> [Records for the exercise]
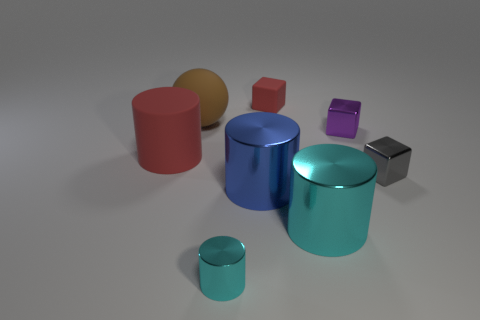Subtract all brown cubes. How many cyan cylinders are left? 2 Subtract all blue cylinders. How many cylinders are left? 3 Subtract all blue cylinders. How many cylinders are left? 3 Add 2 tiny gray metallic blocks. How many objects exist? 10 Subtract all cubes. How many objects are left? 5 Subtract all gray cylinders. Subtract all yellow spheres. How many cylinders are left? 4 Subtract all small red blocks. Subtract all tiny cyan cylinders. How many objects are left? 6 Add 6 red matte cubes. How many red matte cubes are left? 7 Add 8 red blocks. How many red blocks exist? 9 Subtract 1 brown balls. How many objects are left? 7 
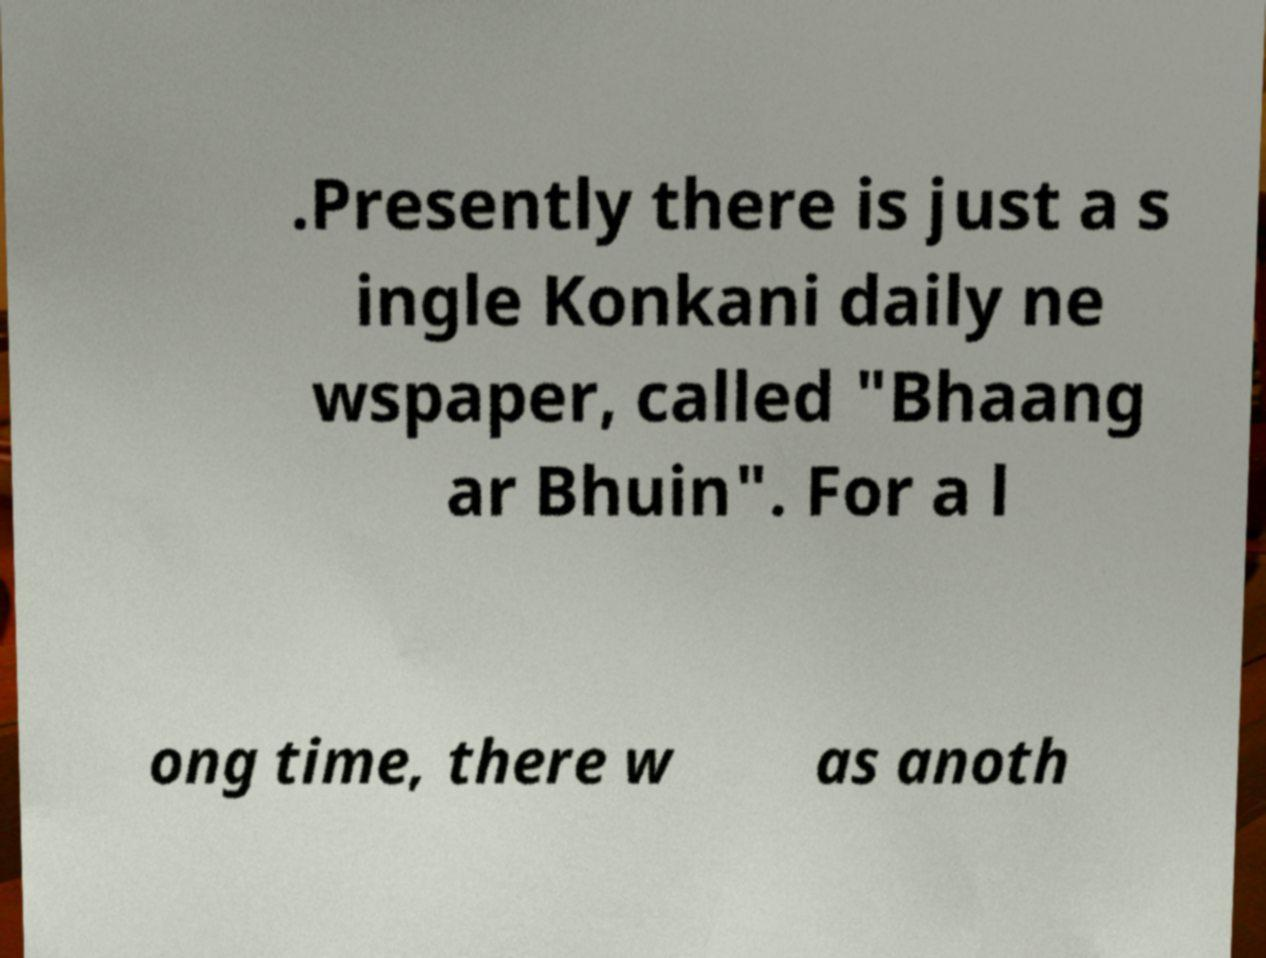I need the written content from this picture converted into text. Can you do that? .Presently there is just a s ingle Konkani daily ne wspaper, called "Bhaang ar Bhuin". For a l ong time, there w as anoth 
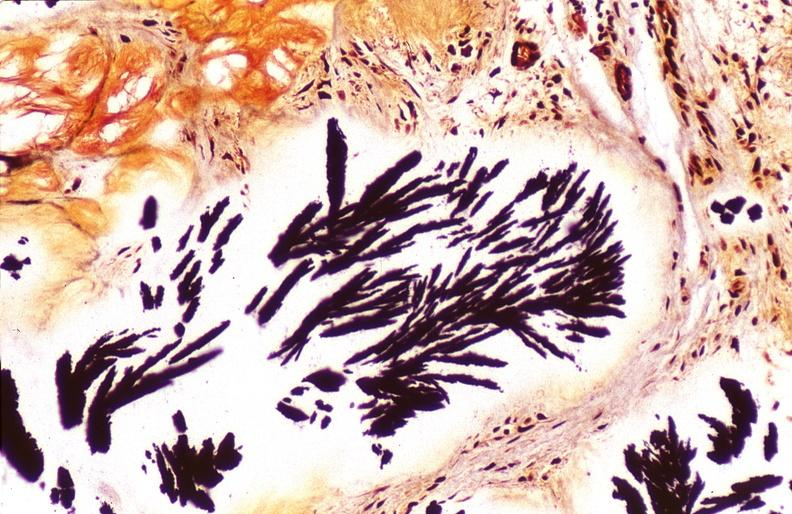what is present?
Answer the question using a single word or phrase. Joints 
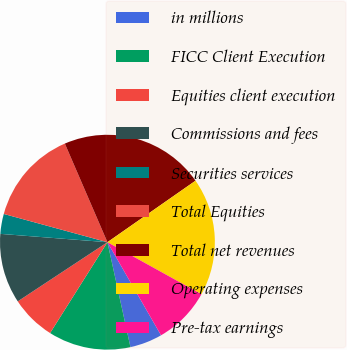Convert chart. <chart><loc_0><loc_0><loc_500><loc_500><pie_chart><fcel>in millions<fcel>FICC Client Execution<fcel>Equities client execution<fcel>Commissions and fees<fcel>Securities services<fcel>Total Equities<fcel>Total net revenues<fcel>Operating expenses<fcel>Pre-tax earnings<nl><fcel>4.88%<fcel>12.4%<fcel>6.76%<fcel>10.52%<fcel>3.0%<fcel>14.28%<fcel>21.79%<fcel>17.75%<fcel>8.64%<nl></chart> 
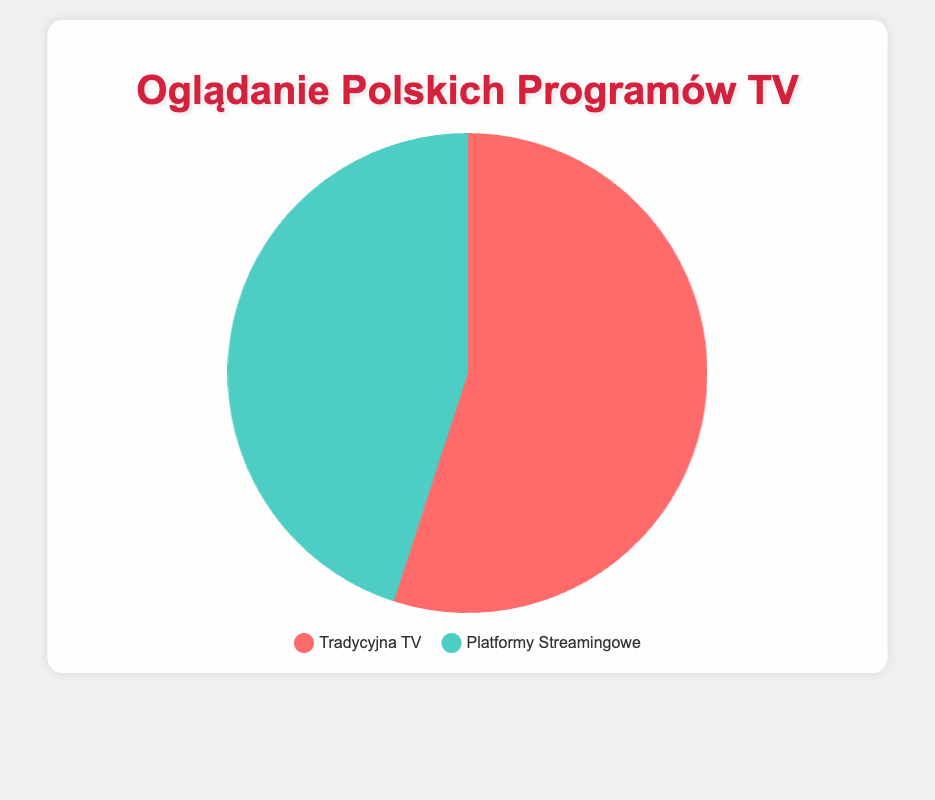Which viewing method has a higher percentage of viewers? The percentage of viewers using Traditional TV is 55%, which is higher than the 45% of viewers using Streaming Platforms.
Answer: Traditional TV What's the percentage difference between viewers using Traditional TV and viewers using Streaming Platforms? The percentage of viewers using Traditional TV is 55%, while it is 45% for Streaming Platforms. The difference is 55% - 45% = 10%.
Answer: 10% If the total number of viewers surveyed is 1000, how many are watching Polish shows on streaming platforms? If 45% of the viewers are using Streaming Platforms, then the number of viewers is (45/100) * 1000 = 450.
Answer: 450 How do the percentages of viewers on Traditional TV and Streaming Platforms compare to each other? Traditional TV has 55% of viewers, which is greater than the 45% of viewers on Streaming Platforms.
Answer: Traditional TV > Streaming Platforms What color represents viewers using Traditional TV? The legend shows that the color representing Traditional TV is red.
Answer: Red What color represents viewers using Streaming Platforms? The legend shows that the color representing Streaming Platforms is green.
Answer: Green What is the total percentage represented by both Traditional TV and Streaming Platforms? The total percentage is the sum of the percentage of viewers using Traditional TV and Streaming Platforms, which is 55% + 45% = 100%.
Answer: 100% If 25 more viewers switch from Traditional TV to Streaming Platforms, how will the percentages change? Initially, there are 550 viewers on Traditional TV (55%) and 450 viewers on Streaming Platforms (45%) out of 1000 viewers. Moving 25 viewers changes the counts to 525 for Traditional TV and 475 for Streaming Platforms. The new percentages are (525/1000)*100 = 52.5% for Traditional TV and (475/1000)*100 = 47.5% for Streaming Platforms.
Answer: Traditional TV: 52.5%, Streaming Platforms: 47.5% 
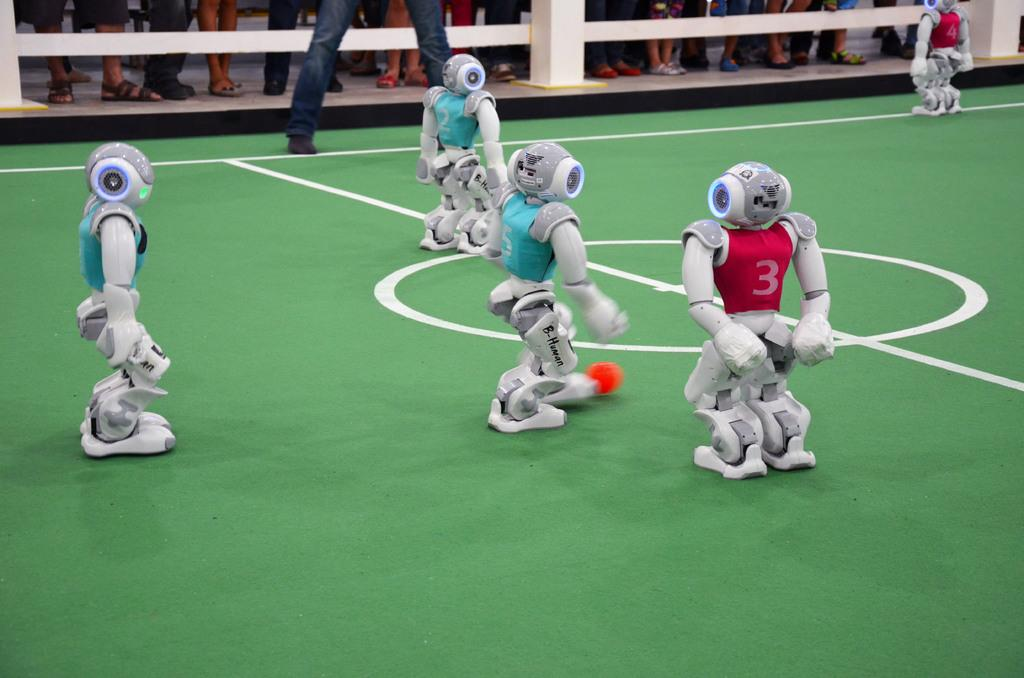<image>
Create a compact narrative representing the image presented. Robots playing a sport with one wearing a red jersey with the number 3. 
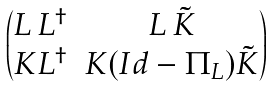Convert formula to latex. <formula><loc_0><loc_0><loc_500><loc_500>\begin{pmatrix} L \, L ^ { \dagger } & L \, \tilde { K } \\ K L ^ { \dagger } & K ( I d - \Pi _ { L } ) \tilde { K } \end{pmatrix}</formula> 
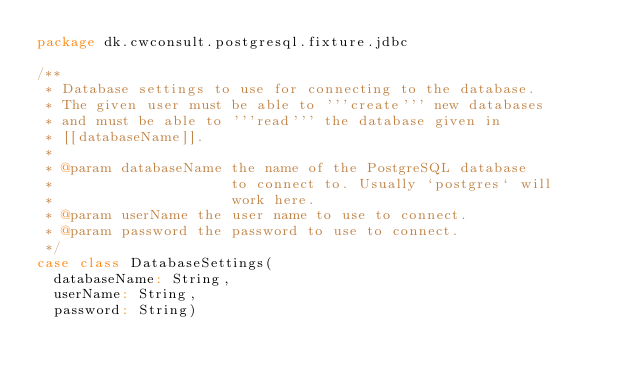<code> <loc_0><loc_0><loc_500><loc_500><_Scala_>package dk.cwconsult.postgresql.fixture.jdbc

> [Action item]
Write back the stretch of lines above that begins with the line holding "I need the written" and ends with the line holding "Answer the question", both included, exactly as written. Pictures stay out.

> [Completed exercise]
I need the written content from this picture converted into text. Can you do that? .Presently there is just a s ingle Konkani daily ne wspaper, called "Bhaang ar Bhuin". For a l ong time, there w as anoth 
what is present?
Answer the question using a single word or phrase. Joints 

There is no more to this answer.